The records:
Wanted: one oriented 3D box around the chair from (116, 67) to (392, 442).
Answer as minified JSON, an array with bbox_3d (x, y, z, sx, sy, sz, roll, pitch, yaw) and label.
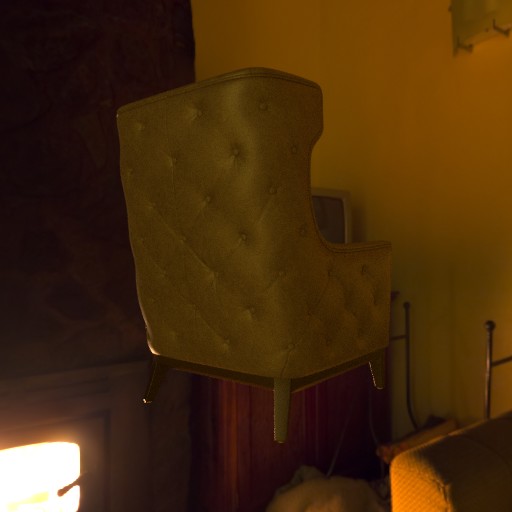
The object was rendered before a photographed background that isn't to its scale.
[{"bbox_3d":[0.000,0.000,1.682,0.769,1.079,0.899,0,0,36],"label":"chair"}]
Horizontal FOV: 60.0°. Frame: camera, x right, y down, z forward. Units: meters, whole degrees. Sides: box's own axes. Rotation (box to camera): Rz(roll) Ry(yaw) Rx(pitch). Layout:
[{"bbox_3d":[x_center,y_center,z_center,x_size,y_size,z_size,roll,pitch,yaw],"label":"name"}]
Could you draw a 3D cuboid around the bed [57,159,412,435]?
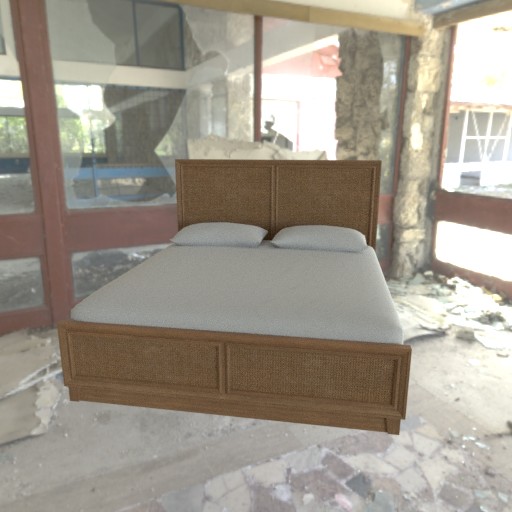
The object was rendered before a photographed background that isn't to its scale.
[{"bbox_3d":[0.000,0.000,3.442,2.003,1.387,2.184,2,14,9],"label":"bed"}]
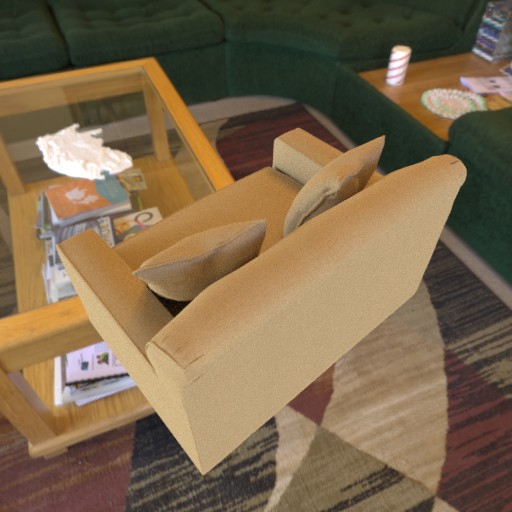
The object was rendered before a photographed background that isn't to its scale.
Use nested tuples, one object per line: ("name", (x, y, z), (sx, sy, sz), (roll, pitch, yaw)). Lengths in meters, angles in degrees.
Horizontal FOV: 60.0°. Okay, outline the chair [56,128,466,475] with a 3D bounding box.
("chair", (0.000, 0.000, 1.974), (1.383, 0.948, 1.000), (-32, 55, -27))
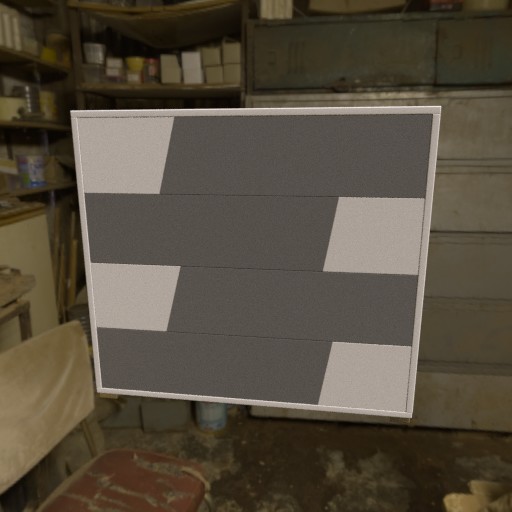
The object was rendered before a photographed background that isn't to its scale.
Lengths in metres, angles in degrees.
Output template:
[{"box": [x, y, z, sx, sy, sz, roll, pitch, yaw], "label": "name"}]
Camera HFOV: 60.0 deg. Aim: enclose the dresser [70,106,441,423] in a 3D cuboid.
[{"box": [0.000, 0.000, 1.638, 1.100, 1.000, 0.460, 2, 14, 8], "label": "dresser"}]

What you have to do:
Copy exactly the lines from the line that holds "Use nested tuples, one" to the end of the listing, both included. Leave the pictures out.

Problem solution:
Use nested tuples, one object per line: ("name", (x, y, z), (sx, sy, sz), (roll, pitch, yaw)). Lengths in meters, angles in degrees.
Horizontal FOV: 60.0°. Okay, outline the chair [56,128,466,475] with a 3D bounding box.
("chair", (0.000, 0.000, 1.974), (1.383, 0.948, 1.000), (-32, 55, -27))
The object was rendered before a photographed background that isn't to its scale.
Lengths in metres, angles in degrees.
Output template:
[{"box": [x, y, z, sx, sy, sz, roll, pitch, yaw], "label": "name"}]
Camera HFOV: 60.0 deg. Aim: enclose the dresser [70,106,441,423] in a 3D cuboid.
[{"box": [0.000, 0.000, 1.638, 1.100, 1.000, 0.460, 2, 14, 8], "label": "dresser"}]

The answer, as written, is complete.